The reason for the problem:
4.4.0 - Other network problem '[Errno 61] Connection refused'
=====================================================
Comment 48 arnim sauerbier 2010-01-27 02:26:19 UTC
I see BADSIG E40DC434616730BD again now - Jan 27 
My current ip is 84.128.203.34

Should this symptom have a bugreport of its own?
Comment 49 Tero Kojo nokia 2010-01-27 08:56:30 UTC
(In reply to comment #48)
> I see BADSIG E40DC434616730BD again now - Jan 27 
> My current ip is 84.128.203.34
> 
> Should this symptom have a bugreport of its own?

Yes, this was actually a result of a package being deleted from testing and
devel on the developers request (turned out that the app for securing your
device worked too well).
Comment 50 Tuomas Kulve 2010-02-03 08:34:08 UTC
So, what's status now? Is the new ISP in use?
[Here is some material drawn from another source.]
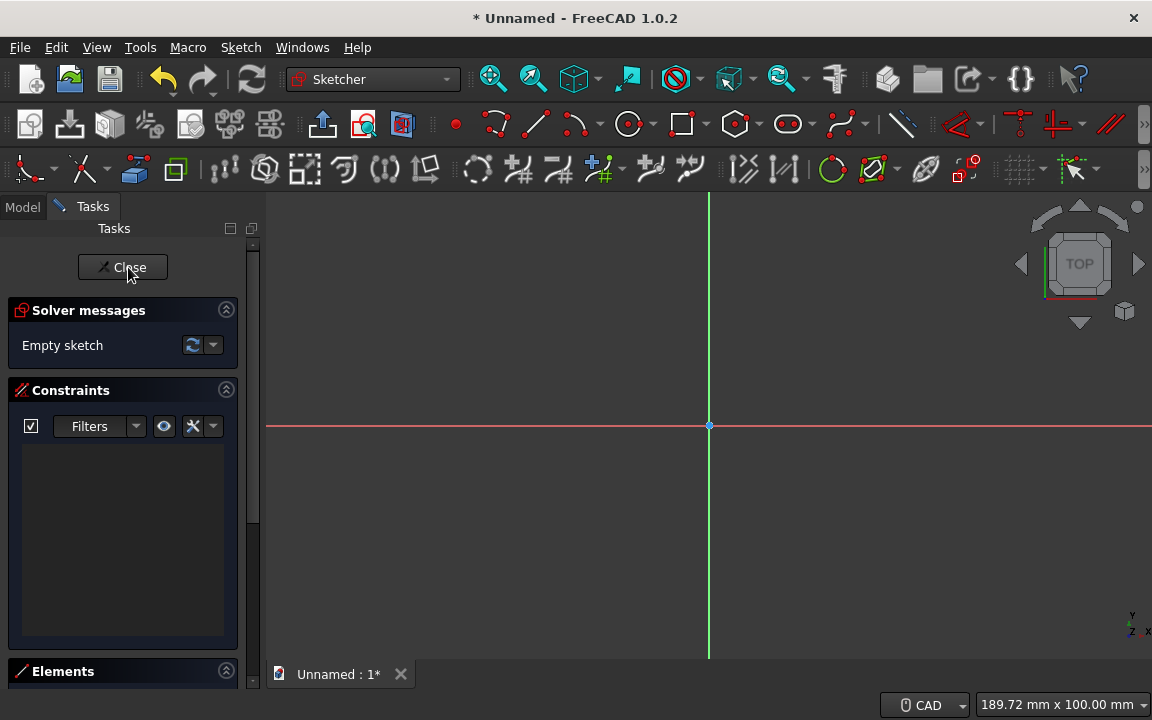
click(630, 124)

What about the build servers?
Comment 51 Tero Kojo nokia 2010-02-08 11:57:01 UTC
(In reply to comment #50)
> So, what's status now? Is the new ISP in use? What about the build servers?

Has been for a while. Many problems reported in this thread were due to the new
ISP not getting things right the first time.

Build servers? They have been in the new place since December. Do you need more
speed?
Comment 52 Jeff Moe 2010-02-23 13:42:24 UTC
AFAICT all the new servers have been in place for a few weeks and there are no
new pending moves, so this is FIXED.